Earliest Presence (to 1848)
Irish have been present in what is now Washington state since the earliest European and American explorations. Irish and Scotch-Irish served as crew aboard Spanish, English, and U.S vessels that explored the Washington coast and Puget Sound during the second half of the eighteenth century. They participated in land-based explorations as well.
Patrick Gass is the best known Irish member of the Lewis and Clark 1804-1806 Corps of Exploration. Scotch-Irish and Irish trappers such as Ross Cox and John Reed had entered the Oregon Country with the Canadian Northwest Company and John Jacob Astor's Pacific Fur Company by 1810.
The Irish presence increased in the region after 1824 when the Hudson's Bay Company dispatched Dr. John McLoughlin to Fort Vancouver to take charge of the Columbia District. His group included a minority of Irish from Canada in a Company corps dominated by Scots, French-Canadian, and Metis. These Irish were single men, and many married Indian wives, some Irish/Spanish wives.
Catholic Church records from Vancouver and Stellamaris Mission give evidence of the Irish presence from the 1830s: Francis Heron, an Irish employee of the Hudson's Bay Company; his son, George born at Fort Nisqually in 1834; and Marie McDermott, daughter of Andrew McDermot, wife of Richard Lane, a Hudson's Bay Company clerk, to name only three.
The same records show Irish entering the Oregon Country from California: John Howard and William McCarty both came north with the Ewing Young party in 1834. The records also list Irish directly from Ireland (some by way of Australia), such as Patrick James McGowan who entered the fishery business at Chinook, and the farmer William Ryan. During these early decades of European and Euro-American settlement, Irish came to the region that would become Washington state from the Canadian north, Californian south, and from the West as well as from the East.

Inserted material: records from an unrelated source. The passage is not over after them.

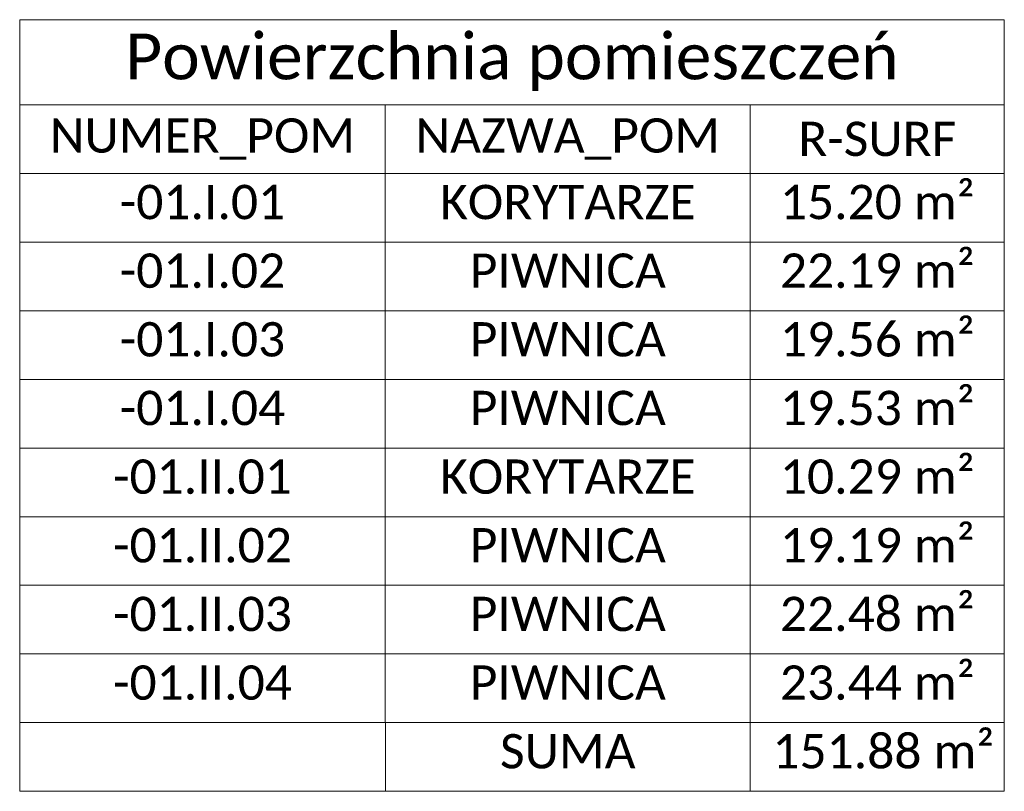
# Model space of a CAD drawing. Header units: millimetres. Extents: x 284606 to 569416, y -192995 to -95103.
# Tile 55 of 178: x 289302 to 289689, y -100523 to -100220. Entities that reach past the tile are written whole.
import ezdxf

# ---------------------------------------------------------------- set-up
doc = ezdxf.new("R2010")
doc.units = ezdxf.units.MM
doc.layers.get('0').update_dxf_attribs({"lineweight": 0})
doc.layers.add('!STR_Opisy 0.09', color=8, linetype='Continuous', lineweight=9)
doc.layers.add('EKO Izolacja 0.09', color=1, linetype='Continuous', lineweight=9)
doc.styles.get("Standard").update_dxf_attribs({"font": 'calibri.ttf'})

# ---------------------------------------------------------------- blocks, each defined once
blk = doc.blocks.new('*T999')
at = {"layer": 'EKO Izolacja 0.09', "color": 0, "linetype": 'ByBlock', "lineweight": -2, "ltscale": 1.5, "transparency": 16777216}
for p, q in [((0, 0), (387.33, 0)), ((0, 0), (0, -276.45)), ((387.33, 0), (387.33, -276.45)), ((0, -33.45), (387.33, -33.45)), ((143.83, -33.45), (143.83, -276.45)), ((287.4, -33.45), (287.4, -276.45)), ((0, -60.45), (387.33, -60.45)), ((0, -87.45), (387.33, -87.45)), ((0, -114.45), (387.33, -114.45)), ((0, -141.45), (387.33, -141.45)), ((0, -168.45), (387.33, -168.45)), ((0, -195.45), (387.33, -195.45)), ((0, -222.45), (387.33, -222.45)), ((0, -249.45), (387.33, -249.45)), ((0, -276.45), (387.33, -276.45))]:
    blk.add_line(p, q, dxfattribs=at)
at = {"layer": '!STR_Opisy 0.09', "color": 0, "ltscale": 1.5, "transparency": 16777216}
for s, insert, char_height, width, attachment_point in [('Powierzchnia pomieszczeń', (193.66, -16.73), 18, 378.3254, 5), ('NUMER_POM', (71.92, -46.95), 13.5, 134.8338, 5), ('NAZWA_POM', (215.62, -46.95), 13.5, 134.5638, 5), ('R-SURF', (337.36, -46.95), 13.5, 90.9277, 5), ('-01.I.01', (71.92, -64.95), 13.5, 134.8338, 2), ('KORYTARZE', (215.62, -64.95), 13.5, 134.5638, 2), ('15.20 m²', (337.36, -64.95), 13.5, 90.9277, 2), ('22.19 m²', (337.36, -91.95), 13.5, 90.9277, 2), ('-01.I.02', (71.92, -91.95), 13.5, 134.8338, 2), ('PIWNICA', (215.62, -91.95), 13.5, 134.5638, 2), ('19.56 m²', (337.36, -118.95), 13.5, 90.9277, 2), ('-01.I.03', (71.92, -118.95), 13.5, 134.8338, 2), ('PIWNICA', (215.62, -118.95), 13.5, 134.5638, 2), ('19.53 m²', (337.36, -145.95), 13.5, 90.9277, 2), ('-01.I.04', (71.92, -145.95), 13.5, 134.8338, 2), ('PIWNICA', (215.62, -145.95), 13.5, 134.5638, 2), ('10.29 m²', (337.36, -172.95), 13.5, 90.9277, 2), ('-01.II.01', (71.92, -172.95), 13.5, 134.8338, 2), ('KORYTARZE', (215.62, -172.95), 13.5, 134.5638, 2), ('19.19 m²', (337.36, -199.95), 13.5, 90.9277, 2), ('-01.II.02', (71.92, -199.95), 13.5, 134.8338, 2), ('PIWNICA', (215.62, -199.95), 13.5, 134.5638, 2), ('22.48 m²', (337.36, -226.95), 13.5, 90.9277, 2), ('-01.II.03', (71.92, -226.95), 13.5, 134.8338, 2), ('PIWNICA', (215.62, -226.95), 13.5, 134.5638, 2), ('23.44 m²', (337.36, -253.95), 13.5, 90.9277, 2), ('-01.II.04', (71.92, -253.95), 13.5, 134.8338, 2), ('PIWNICA', (215.62, -253.95), 13.5, 134.5638, 2)]:
    blk.add_mtext(s, dxfattribs=dict(at, insert=insert, char_height=char_height, width=width, attachment_point=attachment_point))

msp = doc.modelspace()

# ---------------------------------------------------------------- linework, layer by layer
at = {"layer": '!STR_Opisy 0.09', "ltscale": 1.5}
for p, q in [((289301.89, -100496.19), (289689.22, -100496.19)), ((289301.89, -100496.19), (289301.89, -100523.19)), ((289445.73, -100496.19), (289445.73, -100523.19)), ((289589.29, -100496.19), (289589.29, -100523.19)), ((289689.22, -100496.19), (289689.22, -100523.19)), ((289301.89, -100523.19), (289689.22, -100523.19))]:
    msp.add_line(p, q, dxfattribs=at)

# ---------------------------------------------------------------- block references
msp.add_blockref('*T999', (289301.89, -100219.74))

# ---------------------------------------------------------------- texts
at = {"layer": '!STR_Opisy 0.09', "ltscale": 1.5, "char_height": 13.5, "attachment_point": 2}
for s, insert, width in [(' 151.88 m²', (289639.25, -100500.69), 90.9277), ('SUMA', (289517.51, -100500.69), 134.5638)]:
    msp.add_mtext(s, dxfattribs=dict(at, insert=insert, width=width))

doc.saveas('drawing.dxf')

The Hudson's Bay Company presence made secure immigration to the Oregon Country possible. Irish-Americans were among the steady stream of immigrants to cross the Oregon Trail during the "Great Migration" of 1843 (White and Solberg, 1989)
The Simmons Family
In 1844, a small group of immigrants chose to settle north of the Columbia River. Among them was a Kentuckian of Irish descent, Michael T. Simmons, his wife and seven children. Simmons' family settled near present day Olympia along with the family of George W. Bush, a black man barred from owning land in the Willamette Valley. The Bush and Simmons families fostered the U.S. settlement in what is now Washington state (White and Solberg).
Simmons served as commissioner of Newmarket (later Tumwater), performed marriages, and acted as judge. His wife was the first schoolteacher. Simmons sold his claim in 1850 to the Irishman Clanrick Crosby, a sea captain (and ancestor of Washington's best known Irishman, Bing Crosby), and established himself as an influential leader in Olympia.
He prospered as landlord of a building that served as the center of the city's life in its early days, providing space for residence and lodge rooms, the Columbian, a newspaper begun by McElroy and Wiley in 1852, and the court. Crosby was successful in Tumwater, distinguishing himself in economic and civic ventures. Eventually he was elected to serve in the State Legislature (Bosanko).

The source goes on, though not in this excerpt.